A kid will develops their views and habits largely from what the see in their father. Whether they take it as a good example, a bad example, or a justification of their actions. Sticking to being a positive example is the best way to instill character.
Showing up every day like you want to be there.
Giving them tools, skills, and knowledge without expectations. My goal as a father is to teach my son everything I know about life… give him all the skills and tools I possibly can to set him up for success and happiness, and to do it without expecting anything from him. Like…for example, we own a farm. I want to teach my son how to grow food, how to work with animals, how to read nature… but without the expectation that he will grow up and want to farm.

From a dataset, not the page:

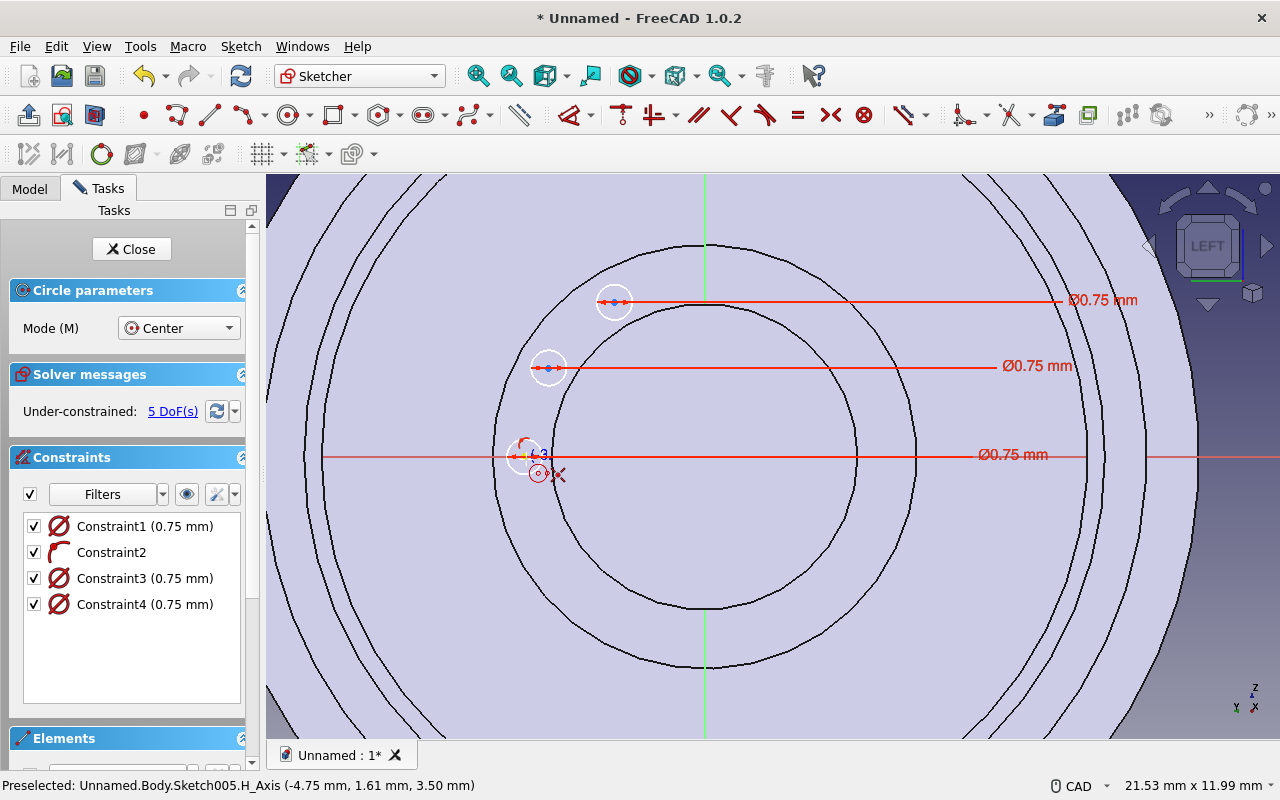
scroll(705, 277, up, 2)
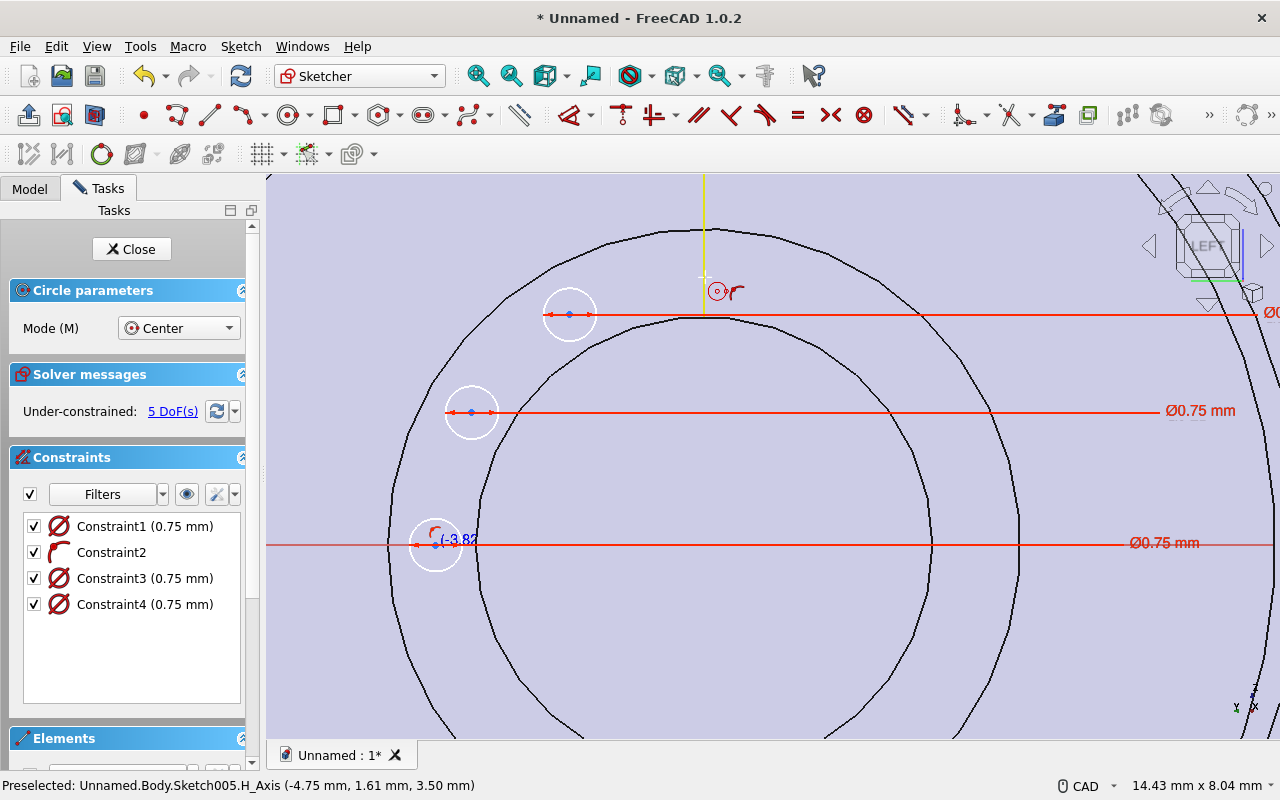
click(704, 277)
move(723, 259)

He may grow up and want to become a computer scientist and live in the city… but maybe when he does, he will have a nice little herb garden in his kitchen window that will bring him joy because I taught him ho to grow plants. I don’t care what he does with the tools and skills I pass to him… I just want to ensure he’s well-equipped for whatever life throws at him.
Someone that stays around consistently. My dad is basically a voice at this point(which is admittedly more than most people get) but seriously just be there. I can’t tell you how many milestones I missed by my dad just not being present and I still don’t know why, he was around up until I became a teenager and we started seeing less and less of him over the years. I wish he was around for me and my younger siblings more because they didn’t get to spend as much time with him and I feel like it really had a huge effect on who we became as people.
Being there for you child no matter what it may be, always showing confidence ànd letting the child know just how much you care and love them.
A good father is a scared father, afraid he will not live up to his childrens expectations, it’s often the other way around
There are many, many points that could be addressed in response to your question but I’m only going to tackle one of them. When it comes to spending time with your kids, quantity over quality wins the day. Simply having a father around for long periods every day is very comforting to kids and will go a long way to building good emotional health. I’m not saying don’t do quality things with your kids; absolutely you should. The point I’m making is taking your kid out for an expensive day of entertainment once a month does not make up for all those missed dinners, bedtime conversations, and so on.